Of course there are so many distractions to keep us from being anything but calm and still.

Since early November, the pressure to come up with wonderful gifts for my kids within the limited budget is always a bit of a stresser for me.  I am a gift giver.  I enjoy showering my kids with presents they will delight in.  It is a way for me to express my love for them.  The fact that I know them well enough to find something they will be thrilled about is something I take delight in as well.  But it is something on the list that needs to be done and I don’t have much free time without the kids to accomplish it.

Starting three week ago, planning family events and friend gatherings in and around everyone’s busy schedules has occupied a considerable amount of my time.  I already have the stuffed turkey in the freezer ready for the Christmas day dinner.  I’ve started planning a possible New Year’s party with friends.  The calendar is filling up with much anticipated quality time with friends and family.

This past week, the decorations went up at our house.  I have a rule that I wait until December 1st to put up decorations.  The Christmas music is played, the tree is decorated, the lights are strung and plugged in.

On Wednesday, I took out a book at the library full of holiday treat recipes.  Currently, I am in a state of great expectation for the glorious time in the kitchen I will have preparing delicious and visually stunning treats for the Christmas season.

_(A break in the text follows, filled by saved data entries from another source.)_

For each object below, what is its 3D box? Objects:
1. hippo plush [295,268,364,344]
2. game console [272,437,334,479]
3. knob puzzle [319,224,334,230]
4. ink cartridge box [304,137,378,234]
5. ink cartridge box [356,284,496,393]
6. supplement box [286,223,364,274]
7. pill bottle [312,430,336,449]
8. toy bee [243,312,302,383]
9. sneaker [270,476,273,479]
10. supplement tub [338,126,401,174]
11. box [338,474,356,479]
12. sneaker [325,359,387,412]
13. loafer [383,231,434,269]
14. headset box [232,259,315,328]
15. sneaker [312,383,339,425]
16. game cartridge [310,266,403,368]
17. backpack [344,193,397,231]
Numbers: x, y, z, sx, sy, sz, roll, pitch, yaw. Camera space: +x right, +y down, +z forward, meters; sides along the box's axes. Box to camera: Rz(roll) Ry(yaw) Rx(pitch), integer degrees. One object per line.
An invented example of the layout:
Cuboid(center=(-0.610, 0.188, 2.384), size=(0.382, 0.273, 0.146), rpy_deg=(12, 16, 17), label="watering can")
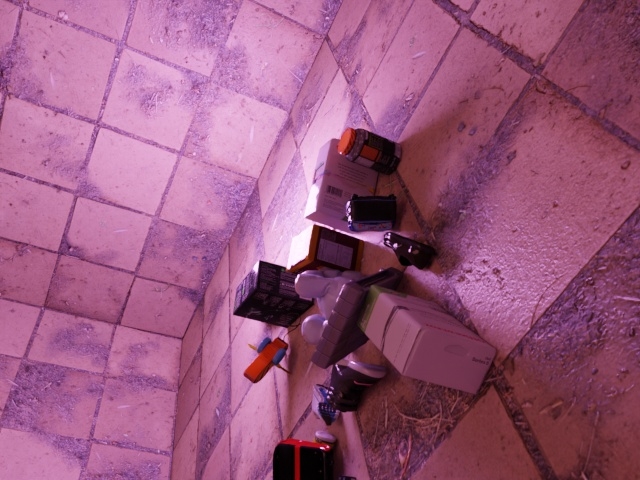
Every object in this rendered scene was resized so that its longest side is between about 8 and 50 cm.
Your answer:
Cuboid(center=(0.059, 0.222, 1.785), size=(0.294, 0.234, 0.236), rpy_deg=(5, 97, 27), label="hippo plush")
Cuboid(center=(-0.046, 0.779, 1.635), size=(0.342, 0.060, 0.386), rpy_deg=(-24, 64, 56), label="game console")
Cuboid(center=(0.000, 0.000, 2.282), size=(0.213, 0.030, 0.213), rpy_deg=(-51, 29, 43), label="knob puzzle")
Cuboid(center=(0.079, -0.187, 1.991), size=(0.117, 0.202, 0.278), rpy_deg=(-24, 51, 63), label="ink cartridge box")
Cuboid(center=(0.228, 0.215, 1.285), size=(0.114, 0.199, 0.273), rpy_deg=(-69, 20, 8), label="ink cartridge box")
Cuboid(center=(0.014, 0.054, 1.967), size=(0.191, 0.194, 0.129), rpy_deg=(-31, 44, 60), label="supplement box")
Cuboid(center=(0.000, 0.637, 1.704), size=(0.065, 0.065, 0.116), rpy_deg=(13, 86, 69), label="pill bottle")
Cuboid(center=(-0.173, 0.445, 2.219), size=(0.195, 0.298, 0.162), rpy_deg=(53, 162, 25), label="toy bee")
Cuboid(center=(-0.133, 0.831, 1.889), size=(0.161, 0.057, 0.075), rpy_deg=(-30, 40, 57), label="sneaker")
Cuboid(center=(0.162, -0.300, 1.892), size=(0.117, 0.191, 0.117), rpy_deg=(-51, 28, 42), label="supplement tub")
Cuboid(center=(0.069, 0.686, 1.553), size=(0.067, 0.018, 0.083), rpy_deg=(-32, 45, 59), label="box")
Cuboid(center=(0.099, 0.414, 1.597), size=(0.296, 0.105, 0.146), rpy_deg=(152, 131, -69), label="sneaker")
Cuboid(center=(0.232, 0.030, 1.597), size=(0.078, 0.080, 0.220), rpy_deg=(-70, 21, 3), label="loafer")
Cuboid(center=(-0.189, 0.225, 2.271), size=(0.283, 0.247, 0.131), rpy_deg=(-48, 32, 49), label="headset box")
Cuboid(center=(0.010, 0.532, 1.779), size=(0.190, 0.072, 0.082), rpy_deg=(-117, 42, -73), label="sneaker")
Cuboid(center=(0.102, 0.196, 1.513), size=(0.230, 0.068, 0.355), rpy_deg=(-63, -20, 16), label="game cartridge")
Cuboid(center=(0.152, -0.085, 1.804), size=(0.173, 0.158, 0.116), rpy_deg=(-179, 88, -82), label="backpack")

I am getting ready.  Ready to celebrate the birth of Christ.

But am I really getting ready to celebrate the birth?  Or am I getting ready to entertain and impress?  I know my mind is often filled with how I can impress with fancy foods and pretty place settings.  I love to entertain and be hospitable (practicing hospitality is encouraged in the Bible!), but maybe my focus is getting a little off track.

Advent is a time to slow down and reflect.  But I don’t feel like my mind is slowing one bit.  In fact, it is racing a lot of time thinking about what needs to be done or planned next.

The distractions are real.  It is Satan’s way of leading us in the wrong direction.  To take our minds off of Christ’s miraculous birth and on meaningless things like toys and cookies.

It is ridiculous if you think about it.  I can sit and think about how to decorate, bake and shop for hours but forget to reflect on God’s love for me.

I challenge myself this advent season to be still.  To put away the cookbook, for now, and to wait in expectation for God’s promise to be fulfilled.  To look around me, and not at my calendar, in order to see him at work.

And when I catch a glimpse of him, I know I will feel peace in my heart.  My soul will sing in expectation of the coming of the Christ.

I will feel ready for the celebration.